The model of the world is construed as an axiomatic system. We know that {cats} are {animals} by looking this up in the knowledge tree model of the world.


First, I do not disagree with your overall viewpoint here. The problem is, without certain details, you fall into the Gettier argument. Lets address your main point, "You can "know" empirical things to a reasonably plausible degree that is less than logically justified complete certainty."

Recall that Jones knows Smith has five coins in his pocket with less than logically justified complete certainty. And its truth that Smith has five coins in his pocket. So according to the above statement without any clarification, Jones knows that Smith has five coins in his pocket even though almost everyone would say he didn't have enough justification to say so.

The first problem we tackled was "Truth". I noted that truth is not a necessary condition for knowledge. But that leaves another part of knowledge to tackle. "Justification". In my opinion, that's the real crux of the Gettier argument. What does it mean to be justified? How do I separate something that I believe, from something I know?

Let me set up some terminology. "Justification" is really short for "Knowledge justification". Even beliefs have reasons why we hold them. But reasons for why we hold beliefs are not "Justification". Justification is really the magical word which means, "Holding reasons which lead us to conclude the person has knowledge."

Jones has reasons for his beliefs, but I think all of us feel he has no justification. Jones hasn't seen Smith for an hour. There are a whole host of things that could have happened to those coins. Smith could have dropped one, had a hole in his pocket, or bought something from a vending machine. Its absurd for Jones to say he "knows". Jones simply believes, with his reason being that Smith had the coins an hour ago.
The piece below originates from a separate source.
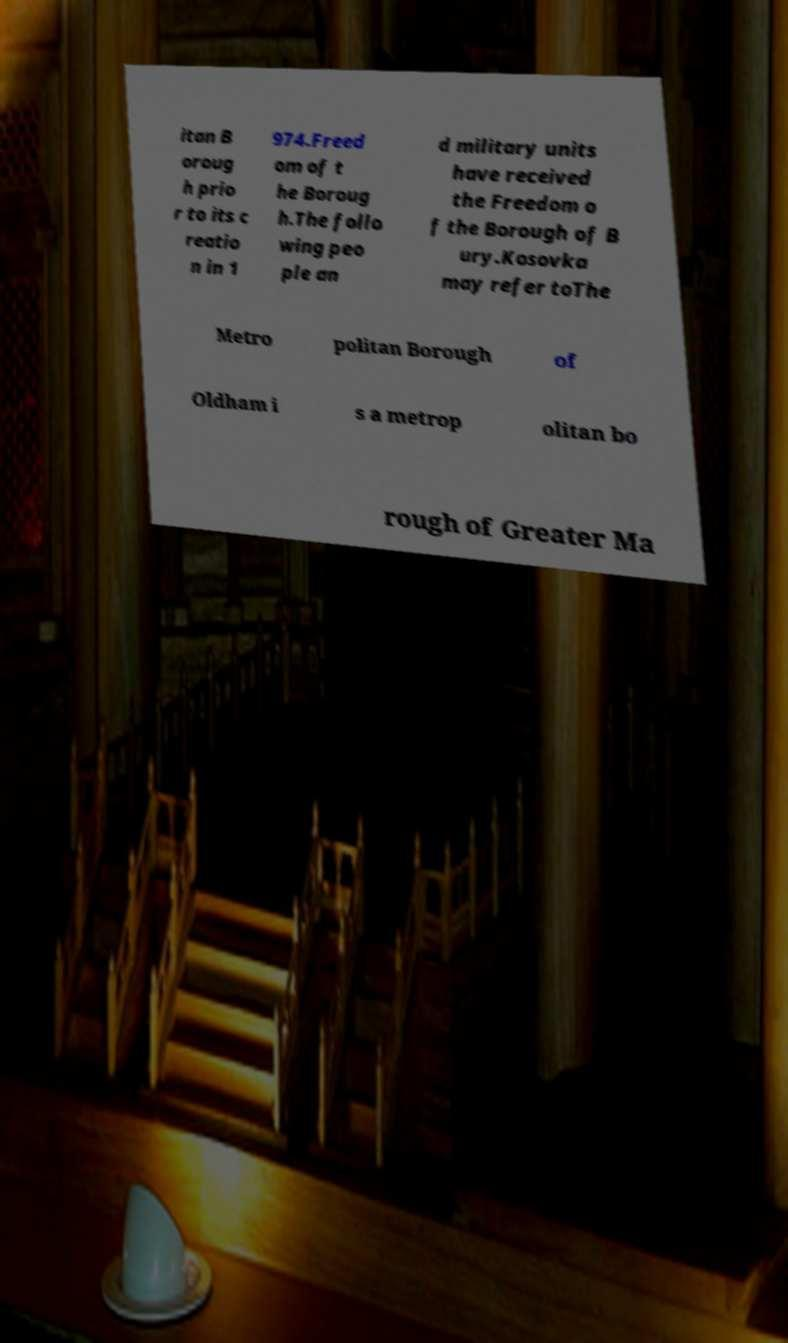Please identify and transcribe the text found in this image. itan B oroug h prio r to its c reatio n in 1 974.Freed om of t he Boroug h.The follo wing peo ple an d military units have received the Freedom o f the Borough of B ury.Kosovka may refer toThe Metro politan Borough of Oldham i s a metrop olitan bo rough of Greater Ma

This gives us a hint to what justification can be then. Justification must not be inductive. A deductive argument has premises that necessarily lead to a conclusion. Inductive arguments are premises that do not necessarily lead to a conclusion. Jones argument about Smith is inductive. Inductive arguments are not knowledge. Therefore Jones does not know Smith has five coins.

The truth of the matter is irrelevant. Lets say Smith shows Jones five coins in his hand. Jones is allowed to examine the coins in depth with all the tools he has available to him. After exhaustive study, every bit of evidence conclusively points to these five objects being coins, and that they are in Smith's hand. Deductively the only conclusion Jones can make is that there are five coins in Smith's hand. Therefore this is what Jones knows.
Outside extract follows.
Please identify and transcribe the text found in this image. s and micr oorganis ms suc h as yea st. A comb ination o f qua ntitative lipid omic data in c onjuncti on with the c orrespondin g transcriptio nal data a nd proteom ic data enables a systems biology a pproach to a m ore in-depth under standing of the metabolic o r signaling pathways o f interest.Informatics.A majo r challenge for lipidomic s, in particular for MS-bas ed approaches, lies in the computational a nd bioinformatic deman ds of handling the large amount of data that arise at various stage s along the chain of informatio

Of course, Smith then reveals that these "coins" are experimental spy coins that hide the fact that they are transponders. It turns out the metal shape and alloy is not currently detectible by public means, and Jones was fooled! Does that mean that Jones did not know that these were five coins in Smith's hands moments ago? Of course not. Jones absolutely knew that there were five coins in Smiths hand. It wasn't a belief, because it was the only thing which could be deduced.

So then the question for you is, "Is deduction without truth knowledge justification?"

PL Olcott August 26, 2023 at 15:29 #833704
Quoting Janus
Are you saying that truth can be unknown but that knowledge cannot be, in the sense that we cannot be said to know unless we know that we know?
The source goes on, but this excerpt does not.